2. During the powerset computation, compute the ε-closure $\{q' ~|~ q \to^{*}_\varepsilon q' \}$ of each state q that is considered by the algorithm (and cache the result).
3. During the powerset computation, compute the ε-closure $\{q' ~|~ \exists q \in Q', q \to^{*}_\varepsilon q' \}$ of each subset of states Q' that is considered by the algorithm, and add its elements to Q'.

===Multiple initial states===
If NFAs are defined to allow for multiple initial states, the initial state of the corresponding DFA is the set of all initial states of the NFA, or (if the NFA also has ε-moves) the set of all states reachable from initial states by ε-moves.

==Example==
The NFA below has four states; state 1 is initial, and states 3 and 4 are accepting. Its alphabet consists of the two symbols 0 and 1, and it has ε-moves.

The initial state of the DFA constructed from this NFA is the set of all NFA states that are reachable from state 1 by ε-moves; that is, it is the set {1,2,3}.
A transition from {1,2,3} by input symbol 0 must follow either the arrow from state 1 to state 2, or the arrow from state 3 to state 4. Additionally, neither state 2 nor state 4 have outgoing ε-moves. Therefore, T({1,2,3},0) = {2,4}, and by the same reasoning the full DFA constructed from the NFA is as shown below.

As can be seen in this example, there are five states reachable from the start state of the DFA; the remaining 11 sets in the powerset of the set of NFA states are not reachable.

==Complexity==

NFA with 5 states (left) whose DFA (right) requires 16 states.

Because the DFA states consist of sets of NFA states, an n-state NFA may be converted to a DFA with at most 2^{n} states. For every n, there exist n-state NFAs such that every subset of states is reachable from the initial subset, so that the converted DFA has exactly 2^{n} states, giving Θ(2^{n}) worst-case time complexity.
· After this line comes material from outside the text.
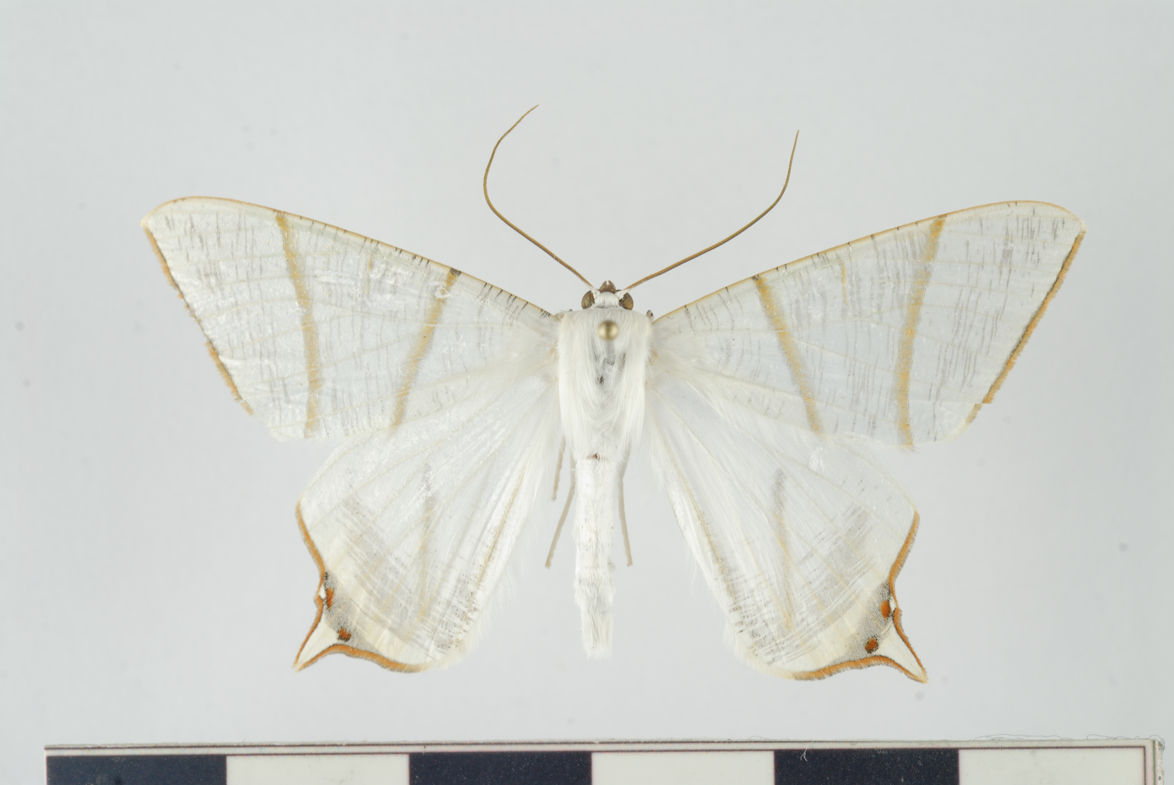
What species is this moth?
Ourapteryx changi
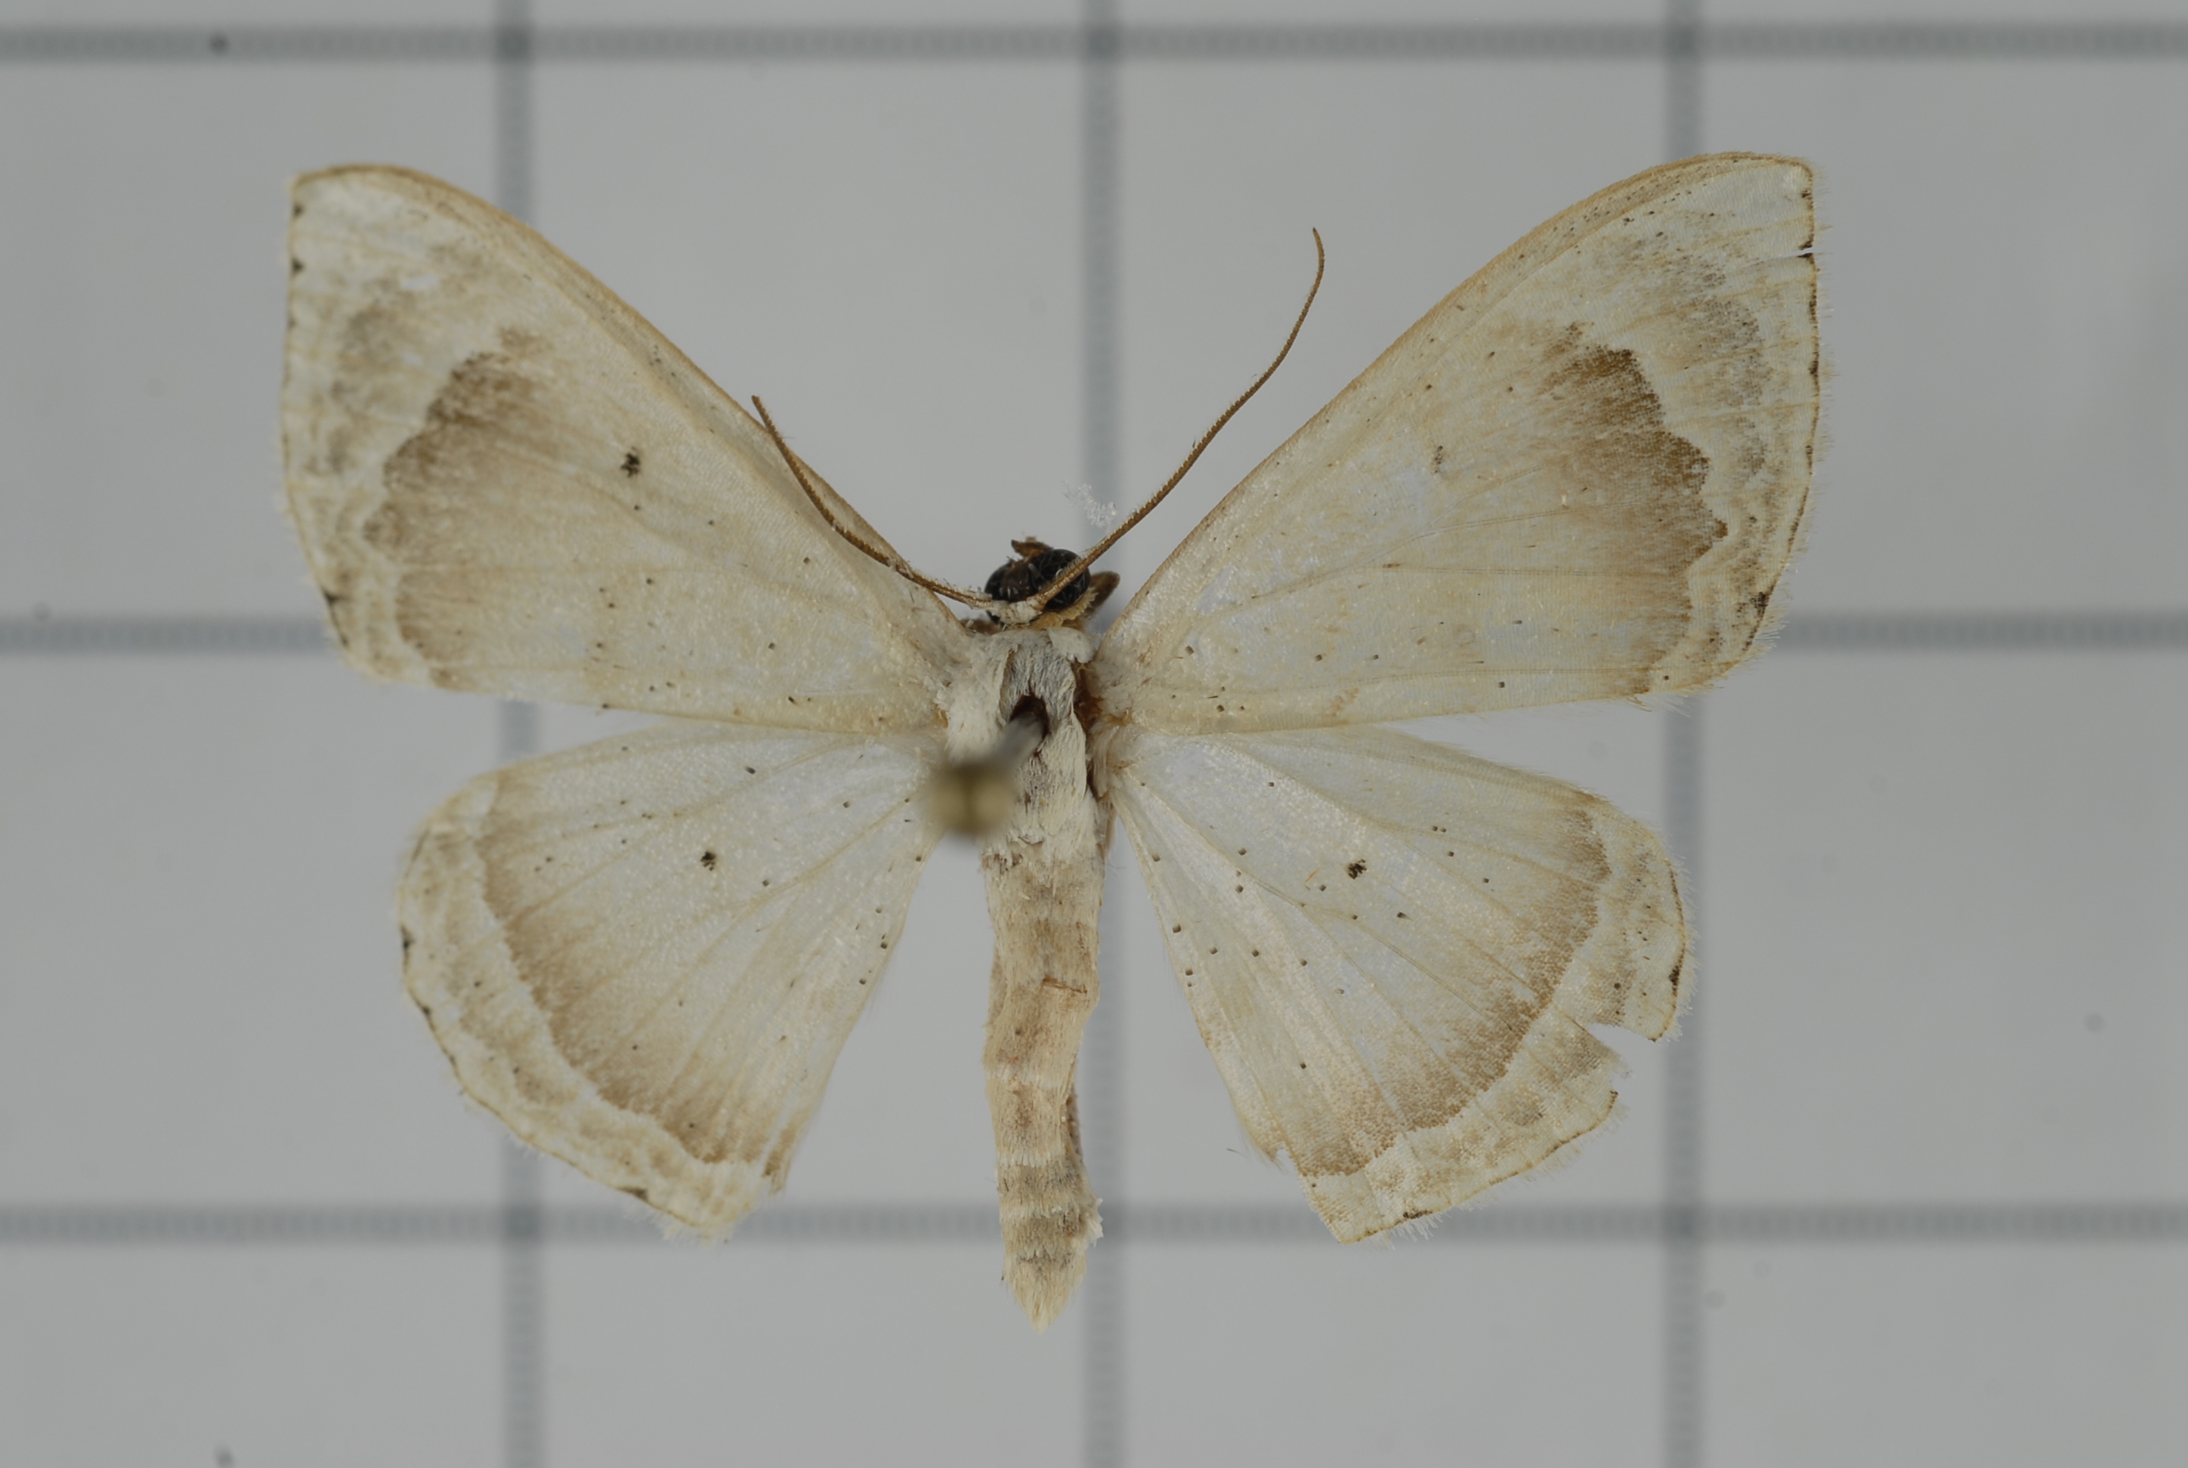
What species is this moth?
Somatina rosacea anaemica

A simple example requiring nearly this many states is the language of strings over the alphabet {0,1} in which there are at least n characters, the nth from last of which is 1. It can be represented by an (n + 1)-state NFA, but it requires 2^{n} DFA states, one for each n-character suffix of the input; cf. picture for n=4.

==Applications==
Brzozowski's algorithm for DFA minimization uses the powerset construction, twice. It converts the input DFA into an NFA for the reverse language, by reversing all its arrows and exchanging the roles of initial and accepting states, converts the NFA back into a DFA using the powerset construction, and then repeats its process. Its worst-case complexity is exponential, unlike some other known DFA minimization algorithms, but in many examples it performs more quickly than its worst-case complexity would suggest.

Safra's construction, which converts a non-deterministic Büchi automaton with n states into a deterministic Muller automaton or into a deterministic Rabin automaton with 2^{O(n log n)} states, uses the powerset construction as part of its machinery.